The water I've been using is half tap water, half RO, some blackwater extract, and I add back in a few minerals by using RepCal, until there's a DH of at least one or two. Right now, I'm feeding spirulina wafers and spirulina powder, plus some cyclopeeze later on....

Good god! They grow fast!


----------



## Rain_Frog (Apr 27, 2004)

where did you get the gastrophyne tads?


----------



## KeroKero (Jun 13, 2004)

I just finished a contract job working for the MD DNR in which a facet of what I did was working on tadpole IDs. These guys are state endangered in MD so I was working with them under permits.

Something I didn't note earlier that I ment to...... the containers by Superior Enterprises have prepunched holes in them that fruit flies get out of, so I only use these containers for transport. The gladware are almost as cheap, just as stackable, and no holes for FFs to get out of. With froglets, they don't need much air and the opening and closing to feed, mist, or do a head count is plenty of air circulation.

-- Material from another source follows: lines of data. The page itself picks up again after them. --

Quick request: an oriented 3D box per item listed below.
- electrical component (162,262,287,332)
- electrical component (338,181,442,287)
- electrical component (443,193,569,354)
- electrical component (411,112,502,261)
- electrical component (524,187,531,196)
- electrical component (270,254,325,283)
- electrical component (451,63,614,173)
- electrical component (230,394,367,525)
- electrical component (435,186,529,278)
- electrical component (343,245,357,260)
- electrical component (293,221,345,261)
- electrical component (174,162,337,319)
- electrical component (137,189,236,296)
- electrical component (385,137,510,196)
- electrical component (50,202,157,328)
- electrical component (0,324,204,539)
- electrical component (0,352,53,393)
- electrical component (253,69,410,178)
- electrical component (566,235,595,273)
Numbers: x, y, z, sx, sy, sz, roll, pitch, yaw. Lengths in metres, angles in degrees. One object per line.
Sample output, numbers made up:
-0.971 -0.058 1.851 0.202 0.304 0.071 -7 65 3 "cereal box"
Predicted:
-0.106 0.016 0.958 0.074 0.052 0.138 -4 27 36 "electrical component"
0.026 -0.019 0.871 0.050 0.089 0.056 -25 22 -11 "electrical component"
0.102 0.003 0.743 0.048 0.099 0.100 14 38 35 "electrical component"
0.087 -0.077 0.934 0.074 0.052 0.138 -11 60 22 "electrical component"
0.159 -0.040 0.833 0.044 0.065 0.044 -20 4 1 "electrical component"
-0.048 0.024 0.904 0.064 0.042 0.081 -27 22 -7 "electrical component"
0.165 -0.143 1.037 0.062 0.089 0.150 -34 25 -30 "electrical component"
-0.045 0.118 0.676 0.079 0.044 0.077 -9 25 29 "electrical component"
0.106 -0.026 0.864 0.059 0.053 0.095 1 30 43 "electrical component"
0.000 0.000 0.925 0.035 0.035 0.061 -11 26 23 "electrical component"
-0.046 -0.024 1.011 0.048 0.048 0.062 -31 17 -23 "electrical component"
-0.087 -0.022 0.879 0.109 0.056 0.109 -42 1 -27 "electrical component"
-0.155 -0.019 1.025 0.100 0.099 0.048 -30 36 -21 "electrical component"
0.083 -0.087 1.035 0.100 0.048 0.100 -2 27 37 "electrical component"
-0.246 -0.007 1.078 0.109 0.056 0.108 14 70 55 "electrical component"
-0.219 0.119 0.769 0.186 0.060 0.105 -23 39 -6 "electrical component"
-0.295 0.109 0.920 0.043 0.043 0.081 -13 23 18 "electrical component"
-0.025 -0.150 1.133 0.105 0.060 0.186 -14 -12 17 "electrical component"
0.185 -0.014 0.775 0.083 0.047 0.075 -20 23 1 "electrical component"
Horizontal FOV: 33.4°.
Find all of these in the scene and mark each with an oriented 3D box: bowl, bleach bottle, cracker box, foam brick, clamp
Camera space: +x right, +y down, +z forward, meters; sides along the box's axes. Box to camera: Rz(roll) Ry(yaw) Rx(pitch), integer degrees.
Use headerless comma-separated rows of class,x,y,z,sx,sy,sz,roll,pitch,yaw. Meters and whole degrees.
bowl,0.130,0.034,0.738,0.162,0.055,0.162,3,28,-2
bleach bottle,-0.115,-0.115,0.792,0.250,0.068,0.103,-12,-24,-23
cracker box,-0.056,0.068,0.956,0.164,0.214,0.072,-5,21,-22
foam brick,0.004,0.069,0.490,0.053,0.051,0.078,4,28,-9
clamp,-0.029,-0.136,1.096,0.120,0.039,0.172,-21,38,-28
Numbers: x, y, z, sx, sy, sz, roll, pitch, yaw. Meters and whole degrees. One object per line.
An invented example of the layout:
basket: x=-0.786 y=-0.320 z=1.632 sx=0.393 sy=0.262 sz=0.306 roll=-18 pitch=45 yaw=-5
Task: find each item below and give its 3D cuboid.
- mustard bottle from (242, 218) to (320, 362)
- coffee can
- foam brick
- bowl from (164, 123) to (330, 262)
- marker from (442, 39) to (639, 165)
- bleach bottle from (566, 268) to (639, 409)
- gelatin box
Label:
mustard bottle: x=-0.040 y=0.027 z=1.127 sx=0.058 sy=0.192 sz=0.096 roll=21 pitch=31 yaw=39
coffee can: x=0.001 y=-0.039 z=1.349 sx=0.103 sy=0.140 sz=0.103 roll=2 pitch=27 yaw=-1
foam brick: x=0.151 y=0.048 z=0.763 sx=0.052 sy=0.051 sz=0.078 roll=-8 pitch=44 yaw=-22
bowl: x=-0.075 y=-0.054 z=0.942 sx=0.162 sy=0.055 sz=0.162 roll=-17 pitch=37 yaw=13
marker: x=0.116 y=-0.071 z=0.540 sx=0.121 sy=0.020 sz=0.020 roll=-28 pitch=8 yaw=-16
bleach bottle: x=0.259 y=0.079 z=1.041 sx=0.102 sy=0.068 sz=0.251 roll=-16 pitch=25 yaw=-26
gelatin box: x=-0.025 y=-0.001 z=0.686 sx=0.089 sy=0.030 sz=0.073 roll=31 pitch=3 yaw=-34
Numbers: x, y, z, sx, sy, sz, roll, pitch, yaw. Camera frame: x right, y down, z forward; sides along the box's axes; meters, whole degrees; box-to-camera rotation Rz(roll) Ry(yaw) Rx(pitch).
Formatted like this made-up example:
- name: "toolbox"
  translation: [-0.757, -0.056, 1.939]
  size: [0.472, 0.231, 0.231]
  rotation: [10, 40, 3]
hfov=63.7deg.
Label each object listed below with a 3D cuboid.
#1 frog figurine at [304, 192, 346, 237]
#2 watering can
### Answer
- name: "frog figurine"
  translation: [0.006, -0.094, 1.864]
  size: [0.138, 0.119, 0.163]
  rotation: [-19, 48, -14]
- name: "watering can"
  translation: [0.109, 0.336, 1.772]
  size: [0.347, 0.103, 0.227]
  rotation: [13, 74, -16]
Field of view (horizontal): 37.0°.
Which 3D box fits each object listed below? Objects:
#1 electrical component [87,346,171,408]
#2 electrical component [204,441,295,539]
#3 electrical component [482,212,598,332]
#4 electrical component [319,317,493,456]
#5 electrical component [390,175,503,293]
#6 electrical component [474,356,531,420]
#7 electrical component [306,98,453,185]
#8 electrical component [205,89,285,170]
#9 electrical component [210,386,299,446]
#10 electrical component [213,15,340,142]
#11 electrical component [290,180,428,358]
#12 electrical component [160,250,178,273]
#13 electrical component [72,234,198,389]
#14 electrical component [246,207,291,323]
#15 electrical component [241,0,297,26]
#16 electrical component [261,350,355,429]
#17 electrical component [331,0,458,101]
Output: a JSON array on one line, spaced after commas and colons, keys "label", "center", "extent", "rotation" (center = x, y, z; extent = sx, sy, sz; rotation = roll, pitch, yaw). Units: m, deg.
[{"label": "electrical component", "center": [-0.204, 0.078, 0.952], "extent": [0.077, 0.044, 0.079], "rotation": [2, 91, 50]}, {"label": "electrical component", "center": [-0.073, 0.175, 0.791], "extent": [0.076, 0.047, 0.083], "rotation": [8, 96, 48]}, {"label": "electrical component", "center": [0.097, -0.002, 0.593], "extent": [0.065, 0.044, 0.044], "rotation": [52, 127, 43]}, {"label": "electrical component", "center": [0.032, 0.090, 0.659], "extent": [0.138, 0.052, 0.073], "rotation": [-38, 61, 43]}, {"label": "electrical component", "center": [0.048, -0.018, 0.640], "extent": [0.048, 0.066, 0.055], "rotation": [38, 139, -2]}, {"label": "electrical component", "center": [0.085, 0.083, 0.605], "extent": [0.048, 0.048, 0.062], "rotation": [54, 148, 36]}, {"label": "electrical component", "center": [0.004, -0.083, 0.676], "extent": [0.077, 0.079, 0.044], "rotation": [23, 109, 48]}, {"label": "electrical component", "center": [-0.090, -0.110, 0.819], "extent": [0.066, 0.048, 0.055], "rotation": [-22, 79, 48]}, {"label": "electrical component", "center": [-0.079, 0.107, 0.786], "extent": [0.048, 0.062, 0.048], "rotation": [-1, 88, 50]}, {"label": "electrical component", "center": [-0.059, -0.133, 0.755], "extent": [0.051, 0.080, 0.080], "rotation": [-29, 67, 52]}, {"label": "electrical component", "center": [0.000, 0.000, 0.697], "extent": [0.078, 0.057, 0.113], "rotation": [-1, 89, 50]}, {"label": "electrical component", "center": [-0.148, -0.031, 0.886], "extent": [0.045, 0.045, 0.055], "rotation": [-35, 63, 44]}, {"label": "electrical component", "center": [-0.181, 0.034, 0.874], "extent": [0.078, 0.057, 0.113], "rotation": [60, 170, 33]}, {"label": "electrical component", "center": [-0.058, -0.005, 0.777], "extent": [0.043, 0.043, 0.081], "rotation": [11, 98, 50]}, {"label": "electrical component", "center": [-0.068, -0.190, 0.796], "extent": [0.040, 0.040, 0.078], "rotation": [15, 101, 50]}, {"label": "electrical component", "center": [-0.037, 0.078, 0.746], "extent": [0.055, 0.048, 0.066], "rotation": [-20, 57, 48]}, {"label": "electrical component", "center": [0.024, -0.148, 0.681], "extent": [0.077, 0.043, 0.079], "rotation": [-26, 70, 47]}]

I've found that most stages of tricolor are good swimmers. I haven't had the "drowning" metamorph problems in this species, and when I had froglets in the breeder colony tanks, the froglets just as often zoomed into the pond area and hide under a rock (underwater) as they did jump into the leaf litter. Funny little frogs.


----------



## Rain_Frog (Apr 27, 2004)

A little off topic, but I may be finally get a male tinctorius soon. My female Jean is soooo lonely. :wink: 

as far as water changes go, I'm generally just use my turkey baster and change about 25% of the "ground/ poop water" once a week or every few days, just so my tads are swimming ontop of it all the time.


----------



## Guest (Aug 26, 2005)

OH, that makes sense and seems alot easier than having to tear the tank apart. Good one guys! Im sure that will come in handy in a month or two. How often do you guys clean your tank?


----------